Finding the Position(s) of Particle Oscillation

[rude man]

FBD stands for "Free Body Diagram", the acronym is widely used in PF. If one draws a FBD, it is easy to see that there is an equilibrium point at which the net force is zero and with respect to which the net torque is also zero. With respect to that point, angular momentum is conserved and the mass executes one dimensional harmonic motion. The amplitude can be found by energy conservation without solving an ODE. My question was how to interpret "the position between which the particle oscillates". It seems that two position vectors relative to the given origin are required to answer the question and we already know one of them.

From this viewpoint I would say the position vectors are (0,0) and ($x_0$, $y_0$) since the locus is of the form $x = k_1y + k_2$
where $k_1$ is fully described by $x_0$ and $y_0$ and $k_2$ is a constant independent of $x_0$ or $y_0$. Cf. my post # 30.

 

[SammyS]

Yet if one looks at the figure in post #1 one must agree that there is a torque about point O at the time of release. Thus there is need of a third equation linking the torque to the angular acceleration. The question then is how to interpret the statement "Find the position between which the particle oscillates and period of the oscillations" when the motion takes place in a plane. It is possible to find $r_{max}$ and $r_{min}$ from the equilibrium point $[F/k, 0]$ using energy conservation and a FBD when the radial component of the velocity is zero.

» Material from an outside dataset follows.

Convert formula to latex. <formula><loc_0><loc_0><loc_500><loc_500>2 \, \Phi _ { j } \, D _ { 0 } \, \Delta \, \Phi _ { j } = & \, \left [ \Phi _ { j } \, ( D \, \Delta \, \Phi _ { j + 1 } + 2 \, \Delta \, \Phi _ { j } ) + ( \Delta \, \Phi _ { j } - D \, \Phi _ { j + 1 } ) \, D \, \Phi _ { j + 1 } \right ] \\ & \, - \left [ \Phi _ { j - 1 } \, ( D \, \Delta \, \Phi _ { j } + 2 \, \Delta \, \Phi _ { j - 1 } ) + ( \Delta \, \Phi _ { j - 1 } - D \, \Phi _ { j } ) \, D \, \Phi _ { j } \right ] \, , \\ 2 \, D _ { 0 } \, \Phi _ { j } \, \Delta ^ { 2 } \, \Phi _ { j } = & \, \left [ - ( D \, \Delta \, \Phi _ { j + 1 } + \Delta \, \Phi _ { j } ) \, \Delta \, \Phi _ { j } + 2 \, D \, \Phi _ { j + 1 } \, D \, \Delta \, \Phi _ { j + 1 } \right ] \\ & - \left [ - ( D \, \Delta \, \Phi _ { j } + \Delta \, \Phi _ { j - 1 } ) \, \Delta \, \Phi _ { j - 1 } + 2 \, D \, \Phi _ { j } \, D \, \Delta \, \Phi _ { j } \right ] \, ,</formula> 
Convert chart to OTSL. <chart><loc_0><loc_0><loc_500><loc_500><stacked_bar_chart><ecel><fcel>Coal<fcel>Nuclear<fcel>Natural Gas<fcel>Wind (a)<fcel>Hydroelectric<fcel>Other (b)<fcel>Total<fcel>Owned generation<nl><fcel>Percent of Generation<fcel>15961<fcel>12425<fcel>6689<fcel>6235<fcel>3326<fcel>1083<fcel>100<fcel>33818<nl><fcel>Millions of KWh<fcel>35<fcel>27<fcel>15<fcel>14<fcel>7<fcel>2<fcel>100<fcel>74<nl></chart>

It is interesting to note that this is the first post in the thread to mention that the stated question includes the task of finding the position(s) between which the particle oscillates.

With the equilibrium position of the system being the point $\ \left(\dfrac{F}{k} , 0 \right)\,,\$ the remaining position is easy to find, assuming that the particle is released from rest at position $\left(x_0 , y_0 \right)$ .

 

[rude man]

It is interesting to note that this is the first post in the thread to mention that the stated question includes the task of finding the position(s) between which the particle oscillates.

With the equilibrium position of the system being the point $\ \left(\dfrac{F}{k} , 0 \right)\,,\$ the remaining position is easy to find, assuming that the particle is released from rest at position $\left(x_0 , y_0 \right)$ .

Quite so. Since only the extrema were asked for.
We can derive two equations:
one, conservation of energy between the two extrema (x0,y0) and (x1,y1).
two, net forces along x = 0 at (x1,y1).
That does neatly avoid having to solve the ODEs.